Excerpt from the 1976 publication of “Keeping Our Heritage Finland, Minnesota 1895-1976”.

Greeta’s Memories

In the fall of 1921 I came to Finland to teach at the Finland School – a one room school with 32 pupils in eight grades. Coming from St. Paul, Finland looked like the end of the world to me. In those days the teacher had to stay with one of the families and walk to school. I stayed with the Walter Thompson who lived just east of the present school where the Halvorson place is now. The house was a two-story, finished downstairs but not upstairs. My sleeping room was upstairs, and since that winter was a cold one, I suffered. The school was located about where the new Finland School is, so my walk to school was not too long.

My day started about 7:00a.m. as I had to get to school and start a fire in the basement furnace, then get the school ready for the day. Janitor service was provided by the teacher. Among my first pupils were the Haveri children, the Tikkanens, the Nikulas, and a little girl named Aili Jarvinen who walked alone to school along the lonely road from her home. The children all walked to school, and in winter came on skis. All the children were eager to learn and were very cooperative, so there were no discipline problems.

At Christmas time we always had a beautiful Christmas tree which the children helped to decorate. We had a Christmas program in which all the children joined, and the parents watched proudly. Afterward everyone joined in a lunch provided by the parents and served in the basement.

I taught two years at the Finland School, and then in the fall of 1923 I went to teach at the Park Hill School located on the Little Marais Road.

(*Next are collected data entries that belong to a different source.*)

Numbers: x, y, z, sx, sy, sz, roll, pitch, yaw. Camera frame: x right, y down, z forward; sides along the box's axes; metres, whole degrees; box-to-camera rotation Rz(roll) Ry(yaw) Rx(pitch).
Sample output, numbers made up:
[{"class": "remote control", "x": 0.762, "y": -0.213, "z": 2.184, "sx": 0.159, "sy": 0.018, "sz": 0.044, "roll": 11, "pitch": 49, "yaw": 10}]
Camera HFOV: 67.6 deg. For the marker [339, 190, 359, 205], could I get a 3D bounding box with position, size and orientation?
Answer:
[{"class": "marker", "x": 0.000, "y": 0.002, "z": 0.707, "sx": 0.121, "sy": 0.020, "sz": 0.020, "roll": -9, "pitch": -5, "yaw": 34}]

That was a much smaller school. Among my pupils there were the Kalander girls, the Ali children, the Lehtinen boys, Maki, Leppanen and Leskinen children. I remember Ruth Kalander (Himes) about age 6, a little roly-poly girl who was always freezing her face. One day she came to school with a mask her mother had made, and that finally solved the problem. The children all came to school on skis in winter, and sometimes I would also don skis and accompany them to Finland for an outing.

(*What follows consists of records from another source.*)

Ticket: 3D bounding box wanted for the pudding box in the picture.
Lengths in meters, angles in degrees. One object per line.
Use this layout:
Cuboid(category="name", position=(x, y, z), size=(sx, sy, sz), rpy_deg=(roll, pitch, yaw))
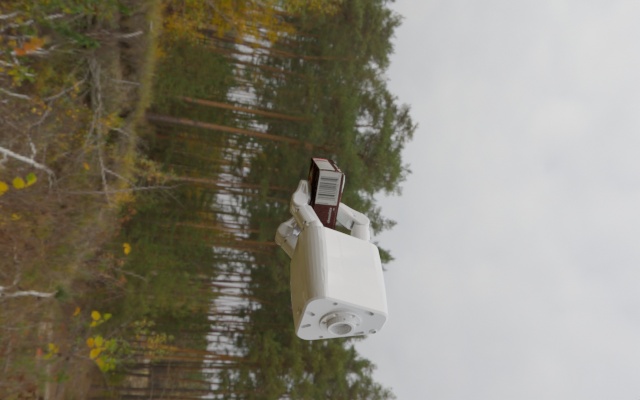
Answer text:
Cuboid(category="pudding box", position=(0.000, 0.002, 0.682), size=(0.039, 0.113, 0.090), rpy_deg=(8, 15, -12))
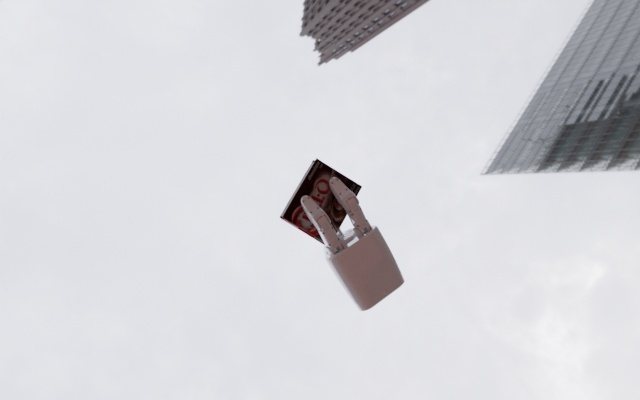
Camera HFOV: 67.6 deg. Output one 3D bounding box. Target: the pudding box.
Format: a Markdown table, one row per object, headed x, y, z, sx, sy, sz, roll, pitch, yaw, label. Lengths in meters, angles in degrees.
| x | y | z | sx | sy | sz | roll | pitch | yaw | label |
| --- | --- | --- | --- | --- | --- | --- | --- | --- | --- |
| 0.000 | 0.003 | 0.773 | 0.090 | 0.113 | 0.039 | 31 | -10 | -13 | pudding box |
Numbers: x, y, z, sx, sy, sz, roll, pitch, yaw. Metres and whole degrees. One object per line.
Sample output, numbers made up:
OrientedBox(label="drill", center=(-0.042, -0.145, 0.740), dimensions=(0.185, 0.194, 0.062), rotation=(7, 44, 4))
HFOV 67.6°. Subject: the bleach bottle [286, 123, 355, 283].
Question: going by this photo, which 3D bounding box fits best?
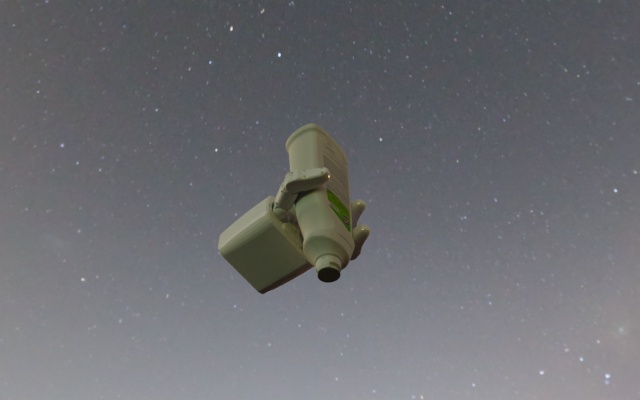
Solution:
OrientedBox(label="bleach bottle", center=(0.000, 0.002, 0.657), dimensions=(0.068, 0.250, 0.103), rotation=(-33, -56, 24))

We turned the girl’s cloakroom into a kitchen so we could have hot lunches, and the older girls took turns cooking, two at a time. We had a small gasoline camp stove to cook on. Cooking detail was a privilege earned by completing all necessary morning school work. I taught the girls to cook various things, among them mashed potatoes, stew, and sometimes pudding. The children brought the food from home. One day it was Tauno Lehtinen’s turn to bring meat, and he arrived at school with a big packsack full of frozen meat. This lasted us some time.

I could always tell when Tauno was coming as he was preceded by his pet crow, which would fly from tree to tree ahead of the boy, calling “Tauno! Tauno!. The crow would stay around the school all day and then accompany Tauno home im the afternoon.

In addition to “reading, writing and arithmetic”, I also taught the girls to sew. We also had many enjoyable Halloween, Thanksgiving, and Christmas parties during my time at the Park Hill School.

At this school, also, we had a wood burning stove, and the wood had to be carried in from the woodshed. The water had to be carried from a spring over by John Pine’s place, which was a goodly distance to carry water. There was no Indoor plumbing, of course. The girls had accommodation in a cubicle at one end of the woodshed, and the boys at the other end. I lived in a little house about a half-mile from the school and walked back and forth. The roads were not plowed in winter then, so sometimes I waded snow knee-deep, but that was all part of the teaching job, along with the janitor work, etc.

I taught at Park Hill School for four years, and then went back to school for a refresher course at Duluth Teacher’s College. I taught one more year at Isabella and then retired.